Dislocation, variation, and change are to take place out there, in the souls of the crowd. Still the disagreeable reeves or drunken millers who may have “come forth for Christ” at this peculiar Canterbury will never be known to us as souls residing amid the shambles of their singular characters. Since the changes and revelations take place in bulk, so to speak, the pilgrims and the saved are reduced to number. “Responses” and “decisions” are carefully, laboriously recorded, offerings are counted, and all is filed away. The size of the crowd, the weight of the offering lead—after the unknowable workings of the inner light upon a single soul—where? Certainly to the next crowd and the next offering.
Like number itself, Billy Graham’s life is repetition. A shock, a quivering of the seismograph—Richard Nixon, for instance—are calmed by prayer, prayer that is itself inevitably of repetitive, long-uttered diction, at least if one may judge from the public and published prayer-diction. “Guidance” appears upon request and its usefulness seems to be not so much to form opinion as to soothe anxiety.
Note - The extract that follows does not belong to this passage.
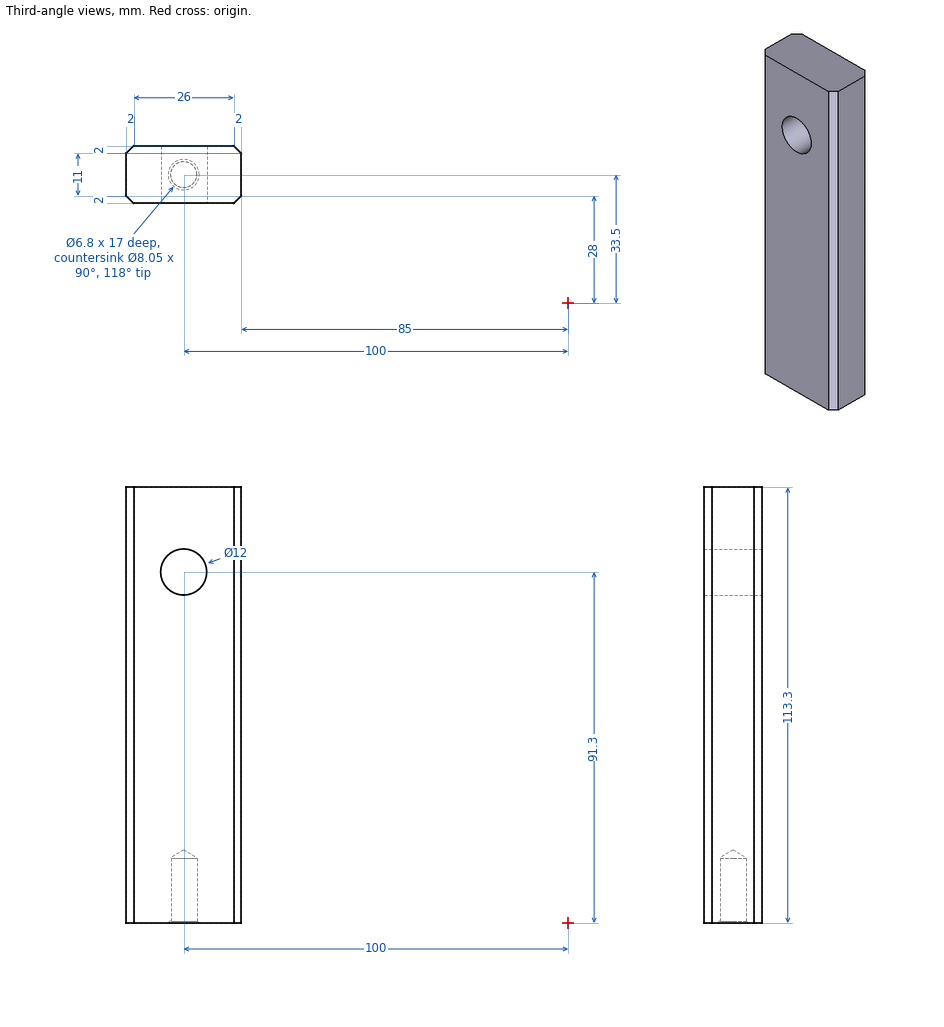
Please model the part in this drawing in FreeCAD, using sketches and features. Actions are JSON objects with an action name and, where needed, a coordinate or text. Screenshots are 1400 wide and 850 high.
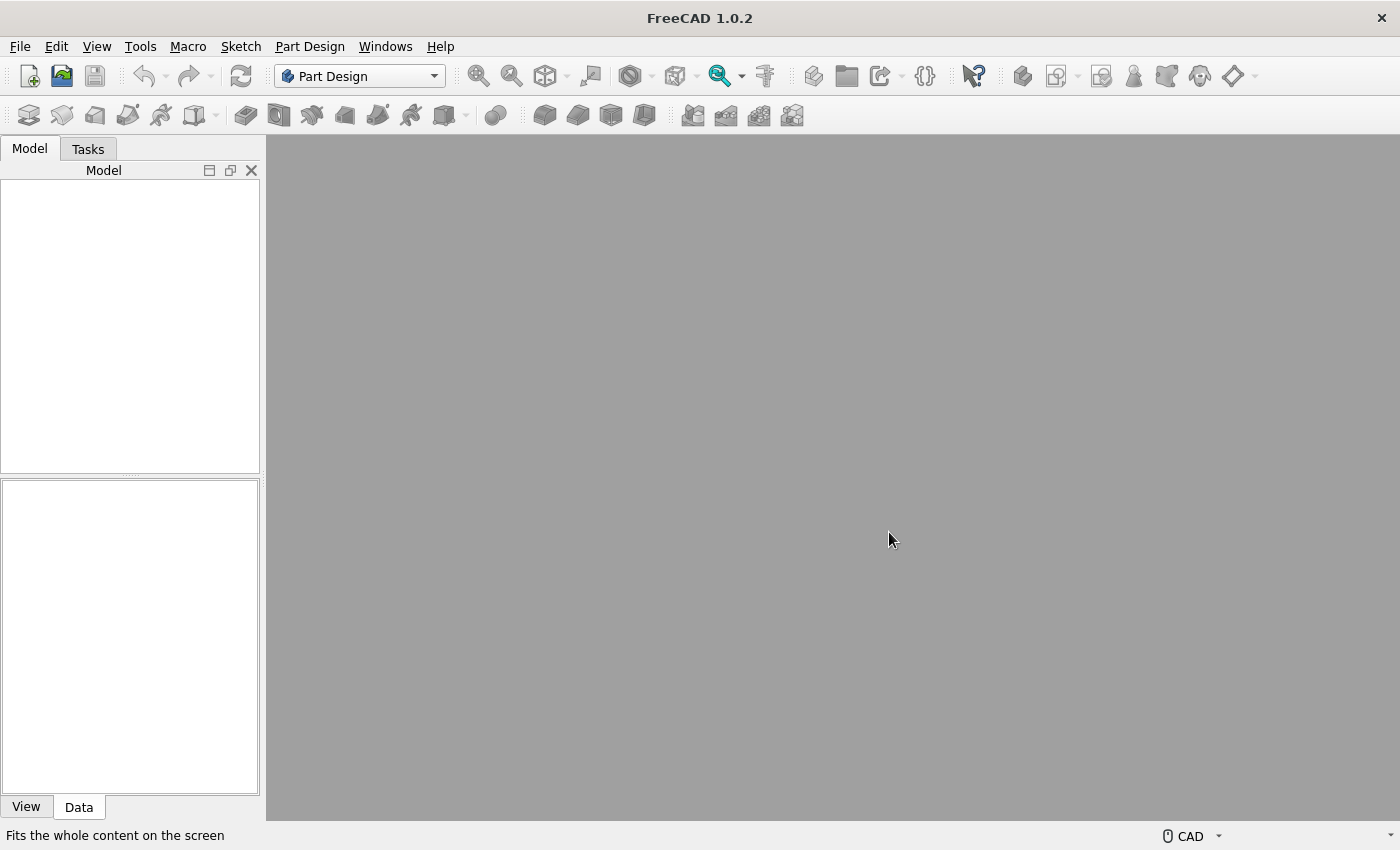
{"action": "left_click", "coordinate": [29, 76]}
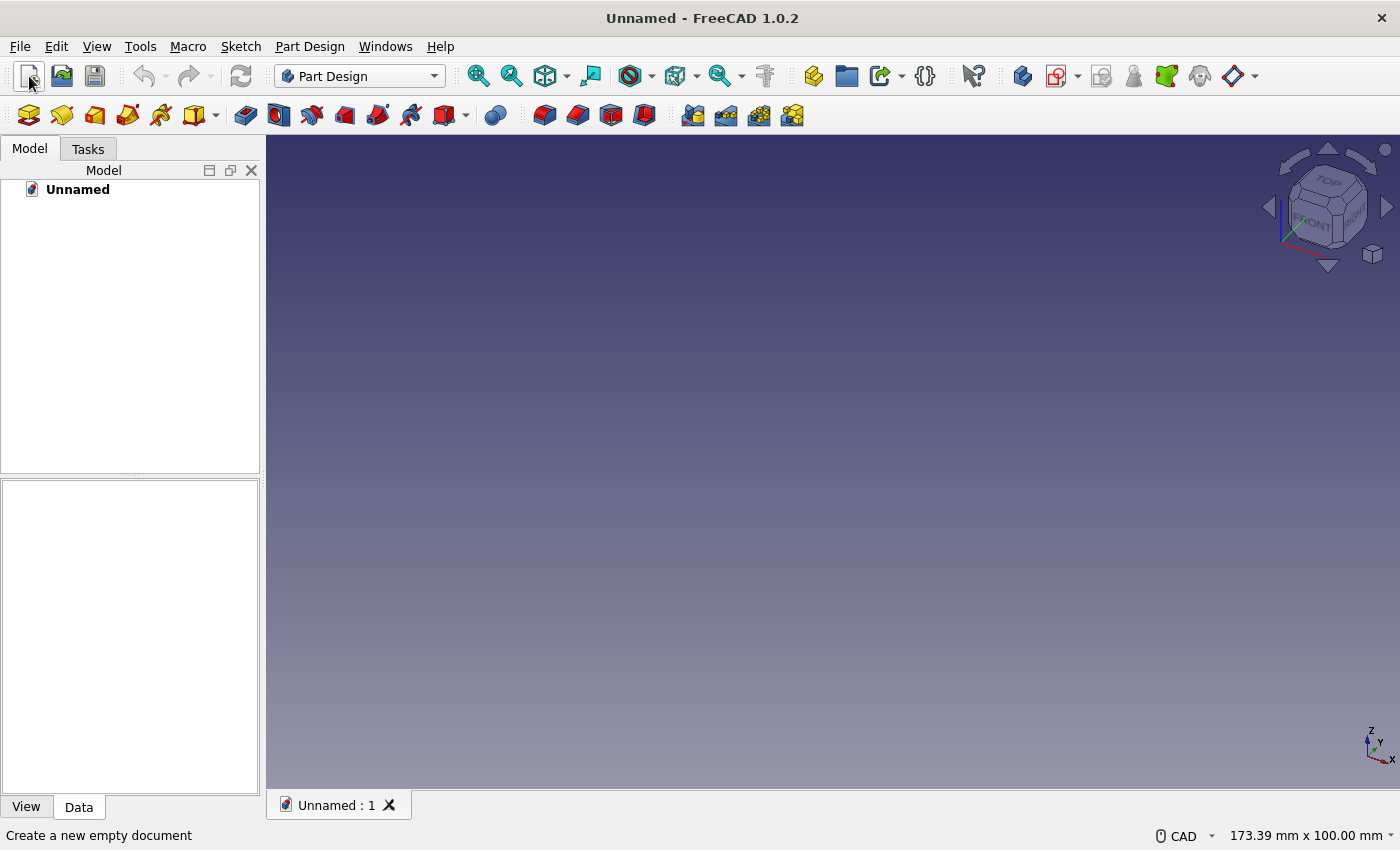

Billy Graham’s “ministry” and his life are circular. The circular life is concerned to defy distraction and temptation, in order to return to where it started. Perhaps that is why Graham in his circlings often sounds like the orbiting astronauts, or it may be that they sound like him. Graham speaks of the visionary, the heavens and the depths, of dedications and revelations in a predictable swelling and falling of cadence, in a reiterative language that is scarcely language at all, or at least seldom the abrupt, broken searching of speech as it turns and twists to meet experience and thought.
From Marshall Frady’s brilliant biography of Graham: “…equally generic to Graham’s enthusiasms, and elemental to maintaining the vigor of his evangelism over the years, has been a certain cheerful imprecision in his apprehension of the actual—some lack of a final fine close-up focus register in his sense of things.” And Frady on Graham and his group: “Their only sense of any mystery in life ranges no farther than incessant reports among themselves of wondrous and pleasant coincidences.”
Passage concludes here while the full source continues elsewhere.